Воздействие литературы на эстетическое сознание осуществлялось и на уровне «перехода художественного в общекультурное», являющего изменение мировоззренческих стереотипов, когда литература, продуцируя собственные духовные ценности и антиценности, оказывается способной переориентировать общественное сознание (в определенных случаях даже научное) и общественную психологию, формировать умонастроение, вкусы, специфику повседневной культуры. Возникала ситуация, когда «Сама жизнь начинала организовываться и восприниматься по законам искусства» [14, с. 41]. Примером может служить переход романтизма в мировоззрение, сформировавшее особую модель поведения и мироощущения, которые продолжали «жить» и во второй половине XIX в., против чего яростно протестовал Г. Флобер, говоря о том, что современная ему молодежь, формировавшая представления о мире из романтической литературы, оказывалась нежизнеспособной, поскольку эти представления не имели ничего общего с реальной действительностью («Мадам Бовари»). Эстетика романтизма проникала и в быт, образуя «каркас салонно-бюргерского обихода» второй половины XIX в., переходила в сферу науки, о чем свидетельствуют трактат «Физика как искусство» И.В. Риттера, «Философия общего дела» Н.Ф. Федорова, где политическая экономия взаимодействует с мистикой загробной жизни и т. п. Стоит упомянуть и такое культурное явление, которое в современной науке явлено как понятие «универсальной метафоры»: речь идет о каком-либо культурном явлении или предмете реального мира, которое, будучи осмысленным сначала художественным сознанием, переходит затем из литературы в другие сферы деятельности и там закрепляется. Таковым является, например, «кабинет курьезов» – сначала как образ антикварной лавки в «Шагреневой коже» Бальзака, затем как описание магазина и экономическое понятие в «Критике политической экономии» К. Маркса [15].

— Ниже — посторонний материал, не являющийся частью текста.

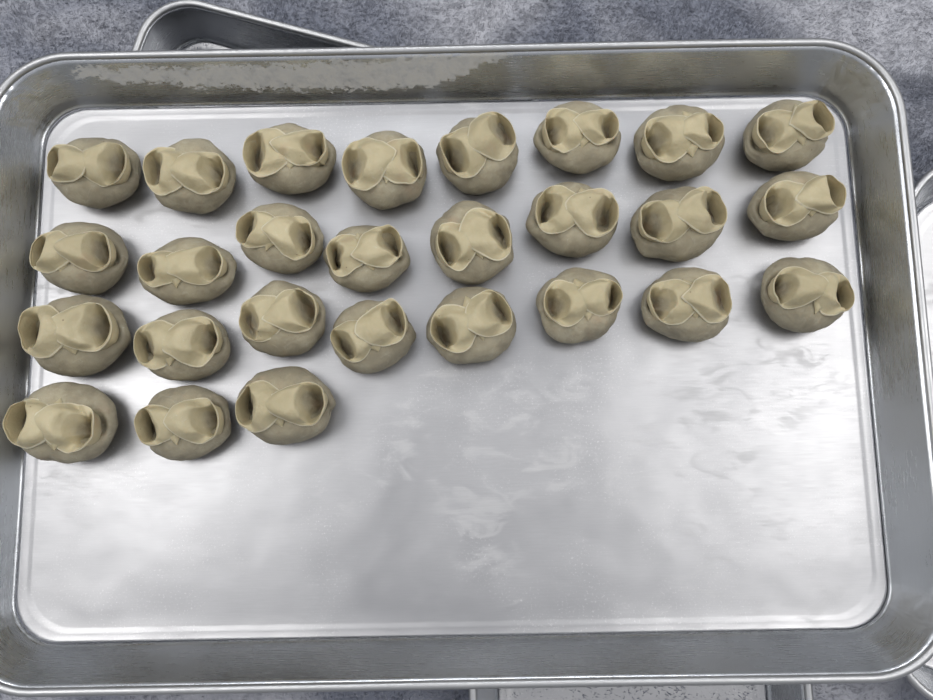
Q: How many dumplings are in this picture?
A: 27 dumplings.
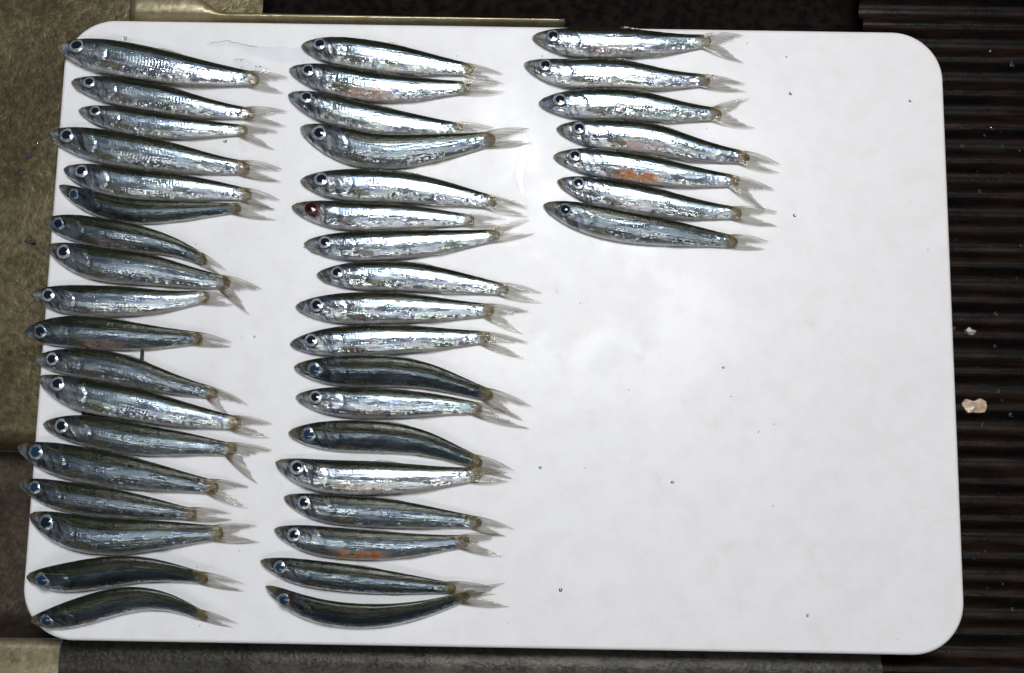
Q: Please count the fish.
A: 43

Этим же путем шла литература и в осмыслении фаустовской идеи. Концепция фаустовской культуры как теоретическое обоснование этого явления в культурфилософской мысли появилась в XX веке, однако задолго до Шпенглера и романтическая литература, и ранее – литература Возрождения акцентировали и развивали те ключевые проблемы культурного процесса, которые впоследствии Шпенглер обозначит как параметры фаустовской культуры. Именно литература создала героя (фаустовский человек), определила среду его обитания (город), выделила особенности характера (конфликтность) и его функционирования, очертив при этом круг вечных проблем и трагических противоречий западноевропейской культуры – вечное познание, воля к власти, преображение мира. Осмысливая концепты фаустовской культуры, именно литература дала ее целостный образ и наметила перспективы дальнейшего развития. Перефразируя известное изречение Вл. Соловьева, литература дала «ощутительное изображение» явления фаустовской культуры «с точки зрения его окончательного состояния или в свете будущего мира» [16, с. 399].
И поскольку понятие фаустовской культуры было обосновано Шпенглером только в начале XX в., наиболее известные, написанные до этого момента, литературные произведения, в которых осмысливалась фаустовская проблематика, можно считать эстетически-программными. Среди них выделим «Трагическую историю доктора Фауста» Кристофера Марло, «Жизнь Фауста, его деяния и низвержение в ад» Ф.М. Клингера, «Фауст» Гете, «Фауст» Н. Ленау, «Сцены из Фауста» и «Наброски к замыслу о Фаусте» А.С. Пушкина. В этих произведениях прорисовывались уже не столько черты образа Фауста новых формаций, сколько черты именно фаустовской культуры в литературе, где образ Фауста выступает одним из слагаемых целой культуры.